= Beginning of Section =

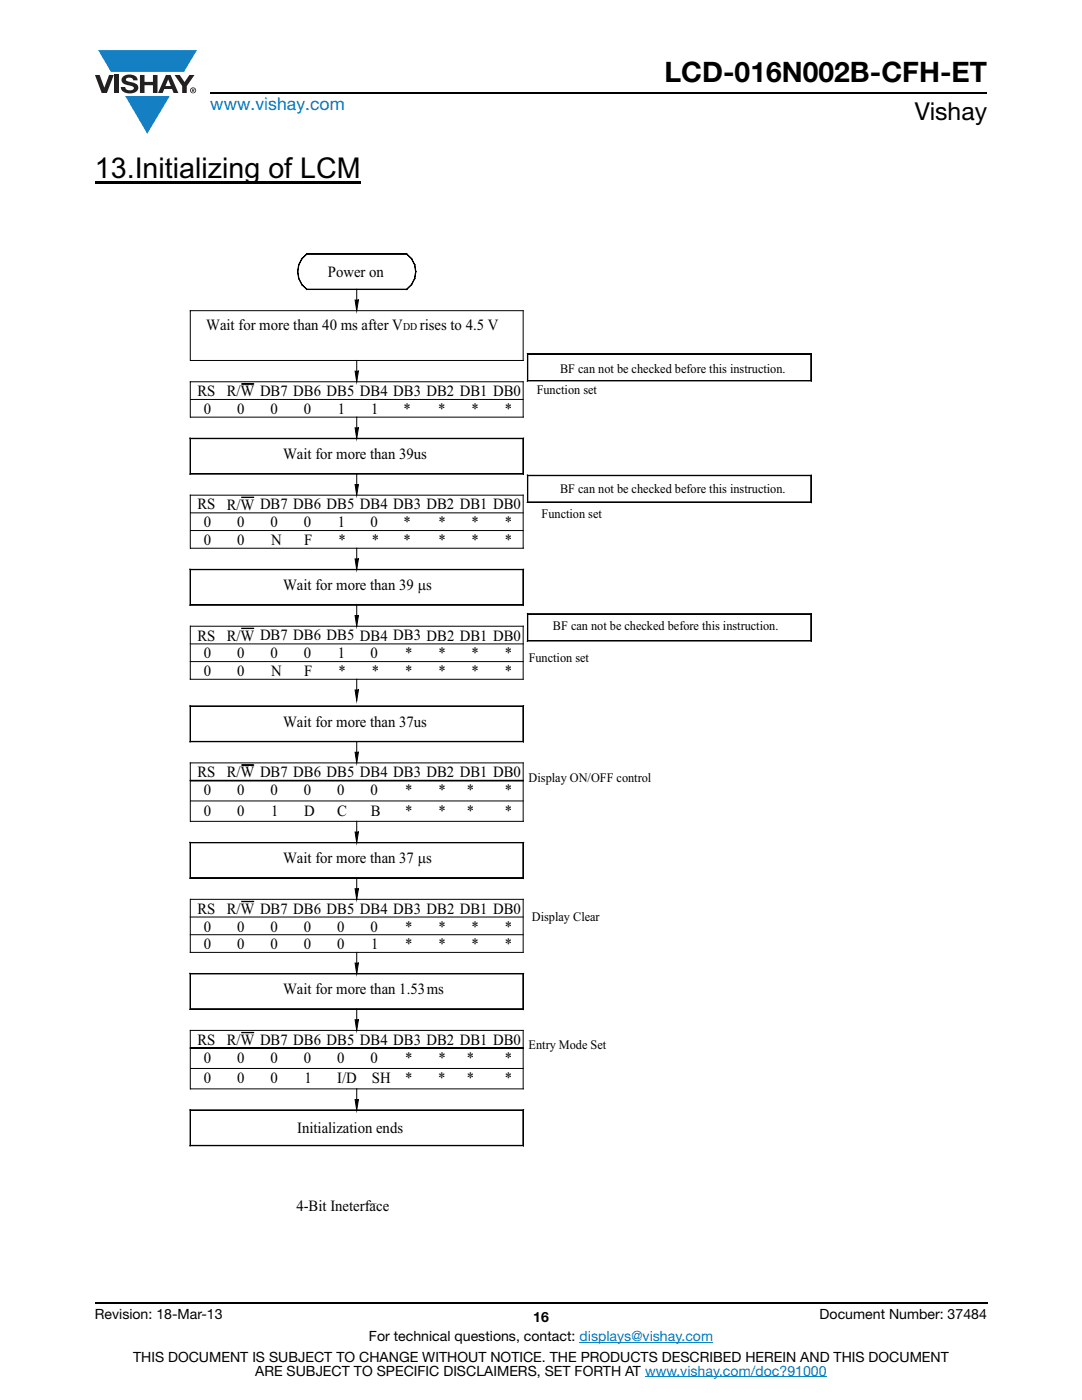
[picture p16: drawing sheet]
<svg xmlns="http://www.w3.org/2000/svg" width="216mm" height="279mm" viewBox="0 0 216 279" stroke-linecap="round" stroke-linejoin="round" font-family="sans-serif">
<defs><g id="words">
<text font-size="5.7" x="18.9" y="35.6">13.Initializing of LCM</text>
<text font-size="5.6" x="132.6" y="16.4">LCD-016N002B-CFH-ET</text>
<text font-size="4.9" x="182.5" y="24">Vishay</text>
<text font-size="3.5" fill="#007ec4" x="42" y="21.9">www.vishay.com</text>
<g font-size="3.1">
<text x="65.4" y="55.3">Power on</text>
<text x="41.1" y="65.8">Wait for more than 40 ms after V</text>
<text x="83.8" y="65.8">rises to 4.5 V</text>
<text x="39.4" y="79">RS</text>
<text x="40.7" y="82.6">0</text>
<text x="45.2" y="79.1">R/W DB7 DB6 DB5 DB4 DB3 DB2 DB1 DB0</text>
<text x="47.3" y="82.6">0</text>
<text x="54" y="82.6">0</text>
<text x="60.6" y="82.6">0</text>
<text x="67.4" y="82.6">1</text>
<text x="74" y="82.6">1</text>
<text x="80.5" y="82.6">*</text>
<text x="87.5" y="82.6">*</text>
<text x="94.1" y="82.6">*</text>
<text x="100.8" y="82.6">*</text>
<text x="56.5" y="91.6">Wait for more than 39us</text>
<text x="39.4" y="101.7">RS</text>
<text x="45.2" y="101.7">R/W DB7 DB6 DB5 DB4 DB3 DB2 DB1 DB0</text>
<text x="40.7" y="105.2">0</text>
<text x="47.3" y="105.3">0</text>
<text x="54" y="105.2">0</text>
<text x="60.6" y="105.2">0</text>
<text x="67.4" y="105.2">1</text>
<text x="73.9" y="105.2">0</text>
<text x="80.5" y="105.2">*</text>
<text x="87.5" y="105.2">*</text>
<text x="94.1" y="105.2">*</text>
<text x="100.8" y="105.2">*</text>
<text x="40.7" y="108.8">0</text>
<text x="47.3" y="108.8">0</text>
<text x="54.1" y="108.8">N</text>
<text x="60.7" y="108.8">F</text>
<text x="67.5" y="108.8">*</text>
<text x="74.2" y="108.8">*</text>
<text x="80.5" y="108.8">*</text>
<text x="87.5" y="108.8">*</text>
<text x="94.1" y="108.8">*</text>
<text x="100.8" y="108.8">*</text>
<text x="56.5" y="117.8">Wait for more than 39 µs</text>
<text x="39.4" y="127.8">RS</text>
<text x="40.7" y="131.4">0</text>
<text x="45.2" y="127.9">R/W DB7 DB6 DB5 DB4 DB3 DB2 DB1 DB0</text>
<text x="47.3" y="131.4">0</text>
<text x="54" y="131.4">0</text>
<text x="60.6" y="131.4">0</text>
<text x="67.4" y="131.4">1</text>
<text x="73.9" y="131.4">0</text>
<text x="80.8" y="131.4">*</text>
<text x="87.5" y="131.4">*</text>
<text x="94.1" y="131.4">*</text>
<text x="100.8" y="131.4">*</text>
<text x="40.7" y="134.9">0</text>
<text x="47.3" y="134.9">0</text>
<text x="54.1" y="134.9">N</text>
<text x="60.7" y="134.9">F</text>
<text x="67.5" y="134.9">*</text>
<text x="74.2" y="134.9">*</text>
<text x="80.8" y="134.9">*</text>
<text x="87.5" y="134.9">*</text>
<text x="94.1" y="134.9">*</text>
<text x="100.8" y="134.9">*</text>
<text x="56.5" y="145">Wait for more than 37us</text>
<text x="39.4" y="155.1">RS</text>
<text x="45.2" y="155.2">R/W DB7 DB6 DB5 DB4 DB3 DB2 DB1 DB0</text>
<text x="40.7" y="158.7">0</text>
<text x="47.3" y="158.7">0</text>
<text x="54" y="158.7">0</text>
<text x="60.6" y="158.7">0</text>
<text x="67.3" y="158.7">0</text>
<text x="73.9" y="158.7">0</text>
<text x="80.8" y="158.7">*</text>
<text x="87.5" y="158.7">*</text>
<text x="93.1" y="158.7">*</text>
<text x="100.8" y="158.7">*</text>
<text x="40.7" y="162.8">0</text>
<text x="47.3" y="162.8">0</text>
<text x="54.1" y="162.8">1</text>
<text x="60.7" y="162.8">D</text>
<text x="67.3" y="162.8">C</text>
<text x="74" y="162.8">B</text>
<text x="80.8" y="162.8">*</text>
<text x="87.5" y="162.8">*</text>
<text x="93.1" y="162.8">*</text>
<text x="100.8" y="162.8">*</text>
<text x="56.5" y="172.3">Wait for more than 37 µs</text>
<text x="39.4" y="182.3">RS</text>
<text x="40.7" y="185.9">0</text>
<text x="45.2" y="182.4">R/W DB7 DB6 DB5 DB4 DB3 DB2 DB1 DB0</text>
<text x="47.3" y="185.9">0</text>
<text x="54" y="185.9">0</text>
<text x="60.6" y="185.9">0</text>
<text x="67.3" y="185.9">0</text>
<text x="73.9" y="185.9">0</text>
<text x="80.8" y="185.9">*</text>
<text x="87.5" y="185.9">*</text>
<text x="94.1" y="185.9">*</text>
<text x="100.8" y="185.9">*</text>
<text x="40.7" y="189.5">0</text>
<text x="47.3" y="189.5">0</text>
<text x="54" y="189.5">0</text>
<text x="60.6" y="189.5">0</text>
<text x="67.3" y="189.5">0</text>
<text x="74" y="189.5">1</text>
<text x="80.8" y="189.5">*</text>
<text x="87.5" y="189.5">*</text>
<text x="94.1" y="189.5">*</text>
<text x="100.8" y="189.5">*</text>
<text x="56.5" y="198.5">Wait for more than 1.53ms</text>
<text x="39.4" y="208.5">RS</text>
<text x="45.2" y="208.6">R/W DB7 DB6 DB5 DB4 DB3 DB2 DB1 DB0</text>
<text x="40.7" y="212.1">0</text>
<text x="47.3" y="212.1">0</text>
<text x="54" y="212.1">0</text>
<text x="60.6" y="212.1">0</text>
<text x="67.3" y="212.1">0</text>
<text x="73.9" y="212.1">0</text>
<text x="80.8" y="212.1">*</text>
<text x="87.5" y="212.1">*</text>
<text x="93.1" y="212.1">*</text>
<text x="100.8" y="212.1">*</text>
<text x="40.7" y="216.2">0</text>
<text x="47.3" y="216.2">0</text>
<text x="54" y="216.2">0</text>
<text x="60.8" y="216.2">1</text>
<text x="67.3" y="216.2">I/D</text>
<text x="74.2" y="216.2">SH</text>
<text x="80.8" y="216.2">*</text>
<text x="87.5" y="216.2">*</text>
<text x="93.1" y="216.2">*</text>
<text x="100.8" y="216.2">*</text>
<text x="59.3" y="226.1">Initialization ends</text>
<text x="59.1" y="241.6">4-Bit Ineterface</text>
</g>
<g font-size="2.8">
<text x="18.9" y="263.3">Revision: 18-Mar-13</text>
<text x="106.4" y="263.8">16</text>
<text x="163.6" y="263.3">Document Number: 37484</text>
<text x="73.6" y="267.7">For technical questions, contact: displays@vishay.com</text>
<text x="26.5" y="271.7">THIS DOCUMENT IS SUBJECT TO CHANGE WITHOUT NOTICE. THE PRODUCTS DESCRIBED HEREIN AND THIS DOCUMENT</text>
<text x="50.9" y="274.6">ARE SUBJECT TO SPECIFIC DISCLAIMERS, SET FORTH AT www.vishay.com/doc?91000</text>
</g>
<g font-size="2.6">
<text x="111.8" y="74.5">BF can not be checked before this instruction.</text>
<text x="107.1" y="78.6">Function set</text>
<text x="111.8" y="98.3">BF can not be checked before this instruction.</text>
<text x="108.1" y="103.4">Function set</text>
<text x="110.3" y="125.8">BF can not be checked before this instruction.</text>
<text x="105.5" y="132.1">Function set</text>
<text x="105.5" y="156">Display ON/OFF control</text>
<text x="106.1" y="183.9">Display Clear</text>
<text x="105.5" y="209.4">Entry Mode Set</text>
</g>
<text font-size="2.1" x="80.4" y="65.8">DD</text>
</g></defs>
<g fill="#147fc3">
<path d="M19.6 10h19.7l-2.6 4.3h-1.1h-13.5z"/>
<path d="M25 19.2h8.9l-4.5 7.5z"/>
</g>
<g fill="#231f20">
<path d="M18.9 15h1l.9 2.5 1-2.5h.9l-1.4 3.6h-1z"/>
<path d="M22.9 15h.9v3.6h-.9z"/>
<path d="M24.6 15.3a2.1 2.1 0 0 1 2.8 .3l.1 .4h-.9a.79 .79 0 0 0-.7-.5 .79 .79 0 0 0-.8 .4l.3 .3 1 .2a1.08 1.08 0 0 1 1.2 1 1.08 1.08 0 0 1-1.1 1.2 1.73 1.73 0 0 1-2.4-1.2h.9a.96 .96 0 0 0 .8 .6 .96 .96 0 0 0 .9-.4 1.31 1.31 0 0 0-1.2-.6 1.03 1.03 0 0 1-1.1-.6 1.03 1.03 0 0 1 .2-1.1z"/>
<path d="M27.9 15h.9v1.3h1.7v-1.3h.9v3.6h-.9v-1.6h-1.7v1.6h-.9z"/>
<path d="M34.8 15h1.1l.9 1.4 1-1.4h1l-1.5 2.2v1.4h-.9v-1.4z"/>
<path d="M33.6 15.9l.5 1.3h-1.1zM33.1 15l-1.6 3.6h1l.3-.8h1.5l.3 .8h1l-1.6-3.6z"/>
<path d="M38.1 18a.46 .46 0 0 1 .9 0 .46 .46 0 0 1-.9 0zM37.9 18a.6 .6 0 0 0 1.2 0 .6 .6 0 0 0-1.2 0z"/>
<path d="M38.4 17.8h.2v.2h-.2zM38.3 17.7v.7h.1v-.3l.4 .3-.2-.3 .2-.2-.1-.2z"/>
</g>
<path d="M42 18.6h155M18.9 260h178.1" fill="none" stroke="#000" stroke-width=".36"/>
<path d="M115.6 267.9h26.7M128.7 274.8h36.3" fill="none" stroke="#007ec4" stroke-width=".2"/>
<path d="M18.9 30.7h143v211.9h-143z" fill="#fff"/>
<g fill="none" stroke="#000" stroke-width=".2">
<path d="M59.4 54.2l.2 1.4zM59.6 52.8l-.2 1.4zM59.6 55.6l.6 1.2zM60.2 51.6l1-.9zM60.2 51.6l-.6 1.2zM60.2 56.8l1 1zM61.2 50.6h20zM61.2 57.7l20 .1zM70.9 59.9h.6l-.3 2.1zM71.2 57.7v2.2M81.1 57.7l1-.9zM81.2 50.7l.9 .9z"/>
<path d="M82.1 51.6l.7 1.2zM82.7 52.9l.3 1.3zM82.7 55.6l-.6 1.2zM82.9 54.2l-.1 1.4zM38 76.2h66.4v7.1h-66.4zM38 62h66.4v9.9h-66.4zM38 79.7h66.4M48.2 76.6l2.4 .1zM70.9 74.1h.6l-.3 2.1zM71.2 71.9v2.2M105.2 70.6v5.4zM105.2 70.6h56.7z"/>
<path d="M105.3 75.9l56.6 .1zM161.8 70.7l.1 5.3zM37.9 87.5v7.1zM37.9 87.5h66.5zM38 98.8h66.4v10.6h-66.4zM38 94.5l66.4 .1h-66.5zM48.2 99.2l2.4 .1zM70.9 96.7h.6l-.3 2.1zM70.9 85.4h.6l-.3 2.1zM71.2 94.6v2.1M71.2 83.2v2.2M104.4 87.5v7.1z"/>
<path d="M105.2 94.9h56.7zM105.2 94.9v5.4zM161.9 94.9v5.4zM37.9 113.6v7.2zM37.9 113.6h66.5zM38 102.4h66.4M38 105.9h66.4M70.9 111.5h.6l-.3 2.2zM71.2 109.4v2.1M104.4 113.7v7.1zM105.3 100.2l56.6 .1zM37.9 120.8h66.5z"/>
<path d="M38 125h66.4v10.6h-66.4zM38 128.5h66.4M38 132h66.4M48.2 125.4h2.4zM70.9 137.7h.6l-.3 2.1zM70.9 122.9h.6l-.3 2.1zM71.2 135.6v2.1M71.2 120.7v2.2M105.2 122.5h56.7zM105.2 122.5v5.4zM105.3 127.8l56.6 .1zM161.9 122.5v5.4z"/>
<path d="M37.9 140.9v7.1zM37.9 140.9h66.5zM38 152.3h66.4v11.6h-66.4zM38 155.7l66.4 .1zM38 159.8h66.4M38 148h66.4h-66.5zM48.2 152.6l2.4 .1zM70.9 150.1h.6l-.3 2.2zM71.2 148v2.1M104.4 140.9v7.1zM37.9 175.3h66.5zM37.9 168.1v7.2z"/>
<path d="M37.9 168.1h66.5zM38 179.5h66.4v10.6h-66.4zM48.2 179.9l2.4 .1zM70.9 177.4h.6l-.3 2.1zM70.9 166.1h.6l-.3 2.1zM71.2 163.9v2.2M71.2 175.2v2.2M104.4 168.2v7.1zM37.9 194.3v7.1zM37.9 194.3h66.5zM38 186.5h66.4M38 183h66.4"/>
<path d="M70.9 192.2h.6l-.3 2.1zM71.2 190.1v2.1M104.4 194.3v7.1zM38 205.6h66.4v11.7h-66.4zM38 209.1l66.4 .1zM38 213.2h66.4M38 201.3l66.4 .1h-66.5zM48.2 206l2.4 .1zM70.9 219.4h.6l-.3 2.2zM70.9 203.5h.6l-.3 2.1zM71.2 217.3v2.1M71.2 201.4v2.1"/>
<path d="M37.9 221.5v7.2zM37.9 221.5h66.5zM38 228.6l66.4 .1h-66.5zM104.4 221.5v7.2zM72.8 240.2h2.4"/>
</g>
<g fill="#000">
<path d="M70.9 59.9h.6l-.3 2.1zM70.9 74.1h.6l-.3 2.1zM70.9 96.7h.6l-.3 2.1zM70.9 85.4h.6l-.3 2.1zM70.9 111.5h.6l-.3 2.2zM70.9 137.7h.6l-.3 2.1zM70.9 122.9h.6l-.3 2.1zM70.9 150.1h.6l-.3 2.1zM70.9 177.4h.6l-.3 2.1zM70.9 166h.6l-.3 2.2zM70.9 192.2h.6l-.3 2.1zM70.9 219.4h.6l-.3 2.2z"/>
<path d="M70.9 203.5h.6l-.3 2.1z"/>
</g>
<path d="M18.9 36.4h53.1" fill="none" stroke="#000" stroke-width=".42"/>
<use href="#words"/>
</svg>

= End of Section =

# [Requirement]
Using the records above, filter out every line that lacks the string "SUBJECT" and copy the rest.

# [Response]
<text x="26.5" y="271.7">THIS DOCUMENT IS SUBJECT TO CHANGE WITHOUT NOTICE. THE PRODUCTS DESCRIBED HEREIN AND THIS DOCUMENT</text>
<text x="50.9" y="274.6">ARE SUBJECT TO SPECIFIC DISCLAIMERS, SET FORTH AT www.vishay.com/doc?91000</text>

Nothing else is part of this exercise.